▶ [Task brief] Go through the records and extract every line with the word "void".

Records shown section start

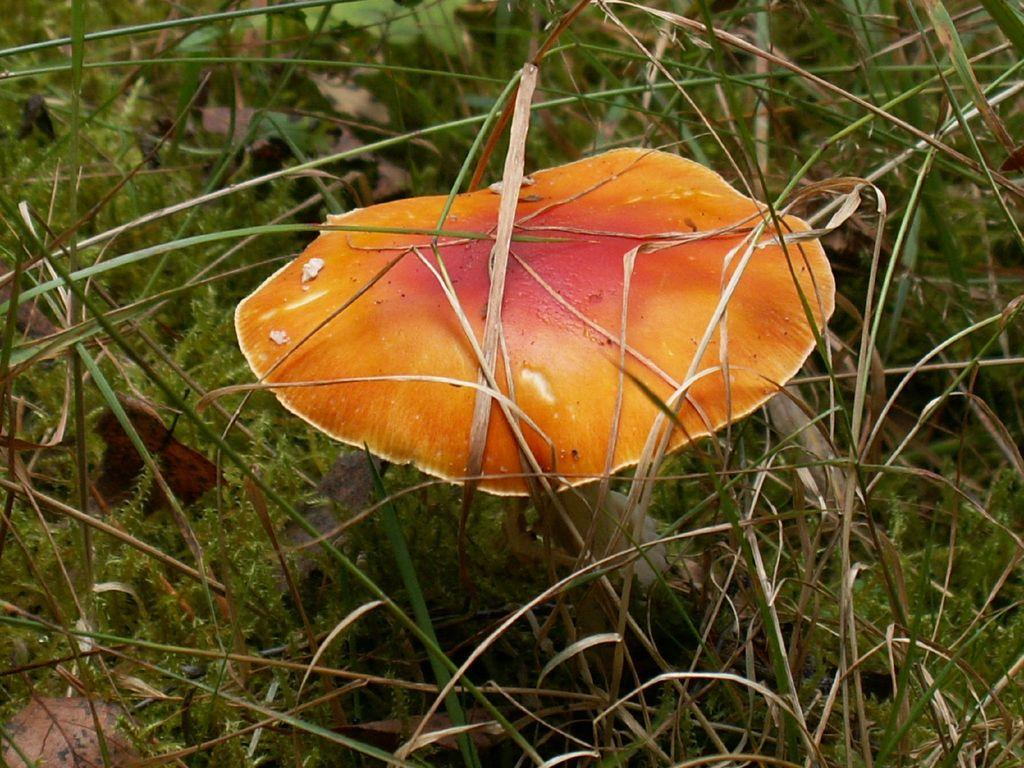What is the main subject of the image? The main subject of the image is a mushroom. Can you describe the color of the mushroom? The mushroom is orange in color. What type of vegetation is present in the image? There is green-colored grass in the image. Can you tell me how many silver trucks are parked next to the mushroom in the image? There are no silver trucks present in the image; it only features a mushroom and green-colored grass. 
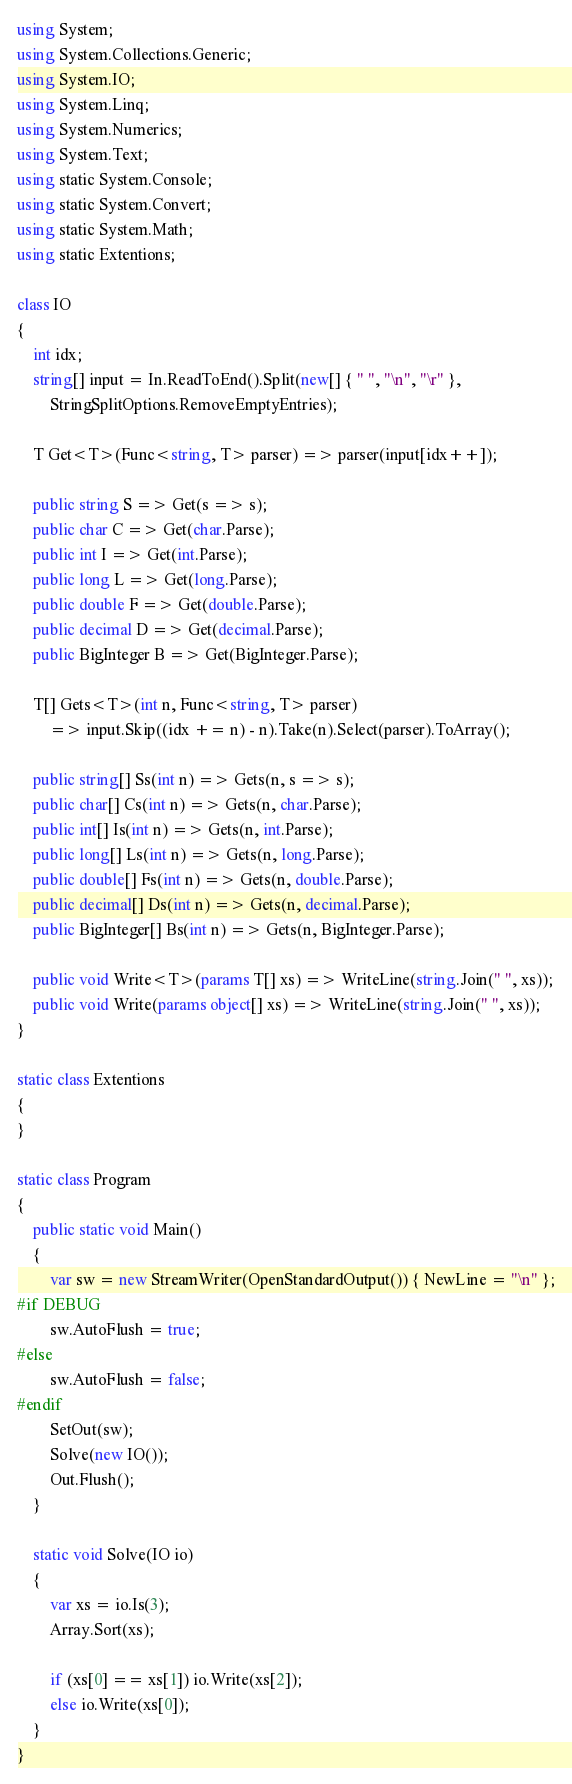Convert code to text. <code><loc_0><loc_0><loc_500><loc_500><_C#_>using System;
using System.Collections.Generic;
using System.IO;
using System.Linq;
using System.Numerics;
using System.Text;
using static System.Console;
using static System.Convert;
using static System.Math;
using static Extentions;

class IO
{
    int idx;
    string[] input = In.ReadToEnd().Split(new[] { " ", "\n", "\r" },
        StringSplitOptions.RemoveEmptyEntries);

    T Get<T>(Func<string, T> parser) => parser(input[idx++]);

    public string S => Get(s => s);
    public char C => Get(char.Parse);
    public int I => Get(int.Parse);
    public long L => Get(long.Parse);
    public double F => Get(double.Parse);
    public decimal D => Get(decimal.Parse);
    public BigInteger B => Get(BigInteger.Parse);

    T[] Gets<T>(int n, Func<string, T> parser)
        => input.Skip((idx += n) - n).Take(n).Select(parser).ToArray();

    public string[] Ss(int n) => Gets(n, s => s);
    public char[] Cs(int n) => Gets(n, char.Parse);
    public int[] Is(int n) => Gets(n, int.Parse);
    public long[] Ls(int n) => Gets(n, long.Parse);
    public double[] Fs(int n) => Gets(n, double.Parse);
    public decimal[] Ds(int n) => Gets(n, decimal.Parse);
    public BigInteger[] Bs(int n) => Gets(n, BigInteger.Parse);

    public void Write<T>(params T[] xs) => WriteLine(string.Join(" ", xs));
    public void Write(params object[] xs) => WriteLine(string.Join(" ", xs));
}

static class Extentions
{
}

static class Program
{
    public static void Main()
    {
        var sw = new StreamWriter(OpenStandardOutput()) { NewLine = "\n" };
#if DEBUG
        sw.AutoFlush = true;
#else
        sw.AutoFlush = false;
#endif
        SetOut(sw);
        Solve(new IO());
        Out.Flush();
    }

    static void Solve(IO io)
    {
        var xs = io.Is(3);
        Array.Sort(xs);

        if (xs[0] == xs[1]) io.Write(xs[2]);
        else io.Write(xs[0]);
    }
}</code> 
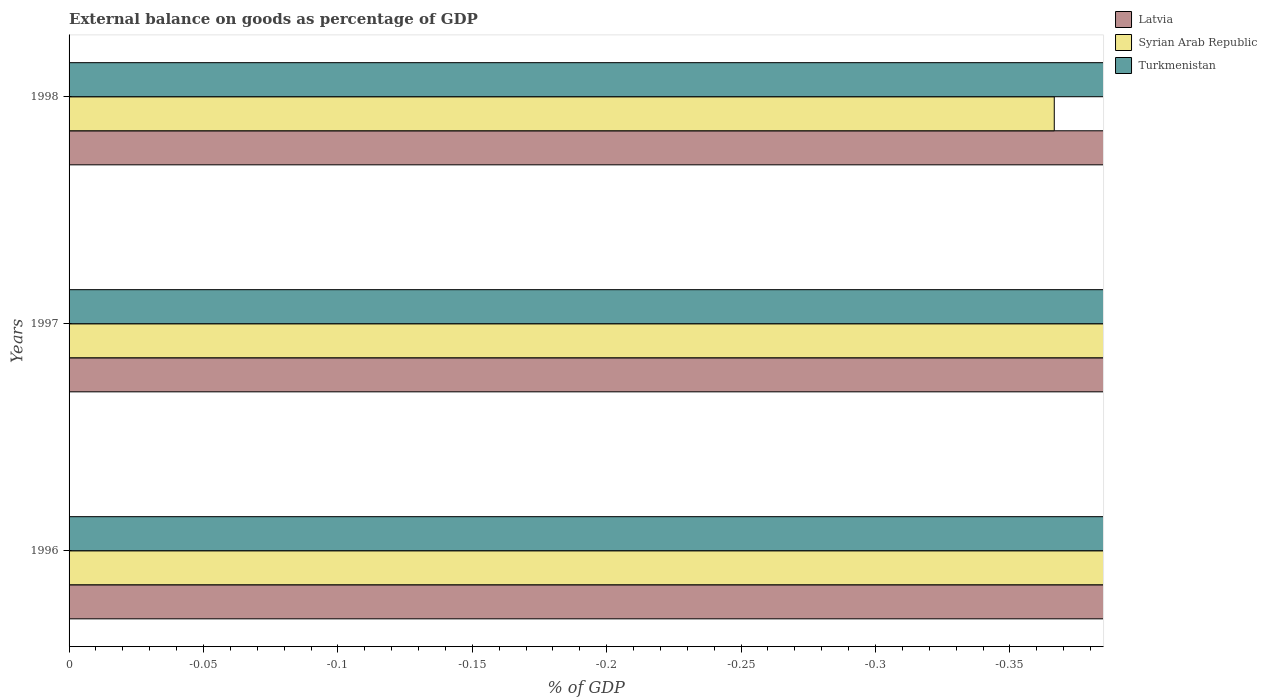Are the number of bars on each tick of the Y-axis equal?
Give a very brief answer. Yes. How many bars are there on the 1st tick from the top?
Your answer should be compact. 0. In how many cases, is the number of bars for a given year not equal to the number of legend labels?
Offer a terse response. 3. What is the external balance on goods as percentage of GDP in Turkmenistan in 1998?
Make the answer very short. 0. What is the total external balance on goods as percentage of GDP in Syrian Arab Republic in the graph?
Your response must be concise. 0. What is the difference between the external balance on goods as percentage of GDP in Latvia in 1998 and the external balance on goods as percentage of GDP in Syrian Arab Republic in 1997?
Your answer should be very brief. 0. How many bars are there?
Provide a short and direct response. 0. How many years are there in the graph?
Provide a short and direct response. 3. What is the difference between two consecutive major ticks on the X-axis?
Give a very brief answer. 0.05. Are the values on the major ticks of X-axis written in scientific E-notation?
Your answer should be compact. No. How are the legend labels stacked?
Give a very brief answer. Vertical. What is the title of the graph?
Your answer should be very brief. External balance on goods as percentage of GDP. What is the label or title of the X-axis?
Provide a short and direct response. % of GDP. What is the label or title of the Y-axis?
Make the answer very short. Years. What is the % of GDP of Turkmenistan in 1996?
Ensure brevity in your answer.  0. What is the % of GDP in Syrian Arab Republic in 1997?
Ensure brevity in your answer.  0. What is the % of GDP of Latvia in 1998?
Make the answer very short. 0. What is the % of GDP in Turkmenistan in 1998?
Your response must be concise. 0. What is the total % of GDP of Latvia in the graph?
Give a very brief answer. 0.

Records shown section end

▶ [Output of the exercise]
    public void Write<T>(params T[] xs) => WriteLine(string.Join(" ", xs));
    public void Write(params object[] xs) => WriteLine(string.Join(" ", xs));
    public static void Main()
    static void Solve(IO io)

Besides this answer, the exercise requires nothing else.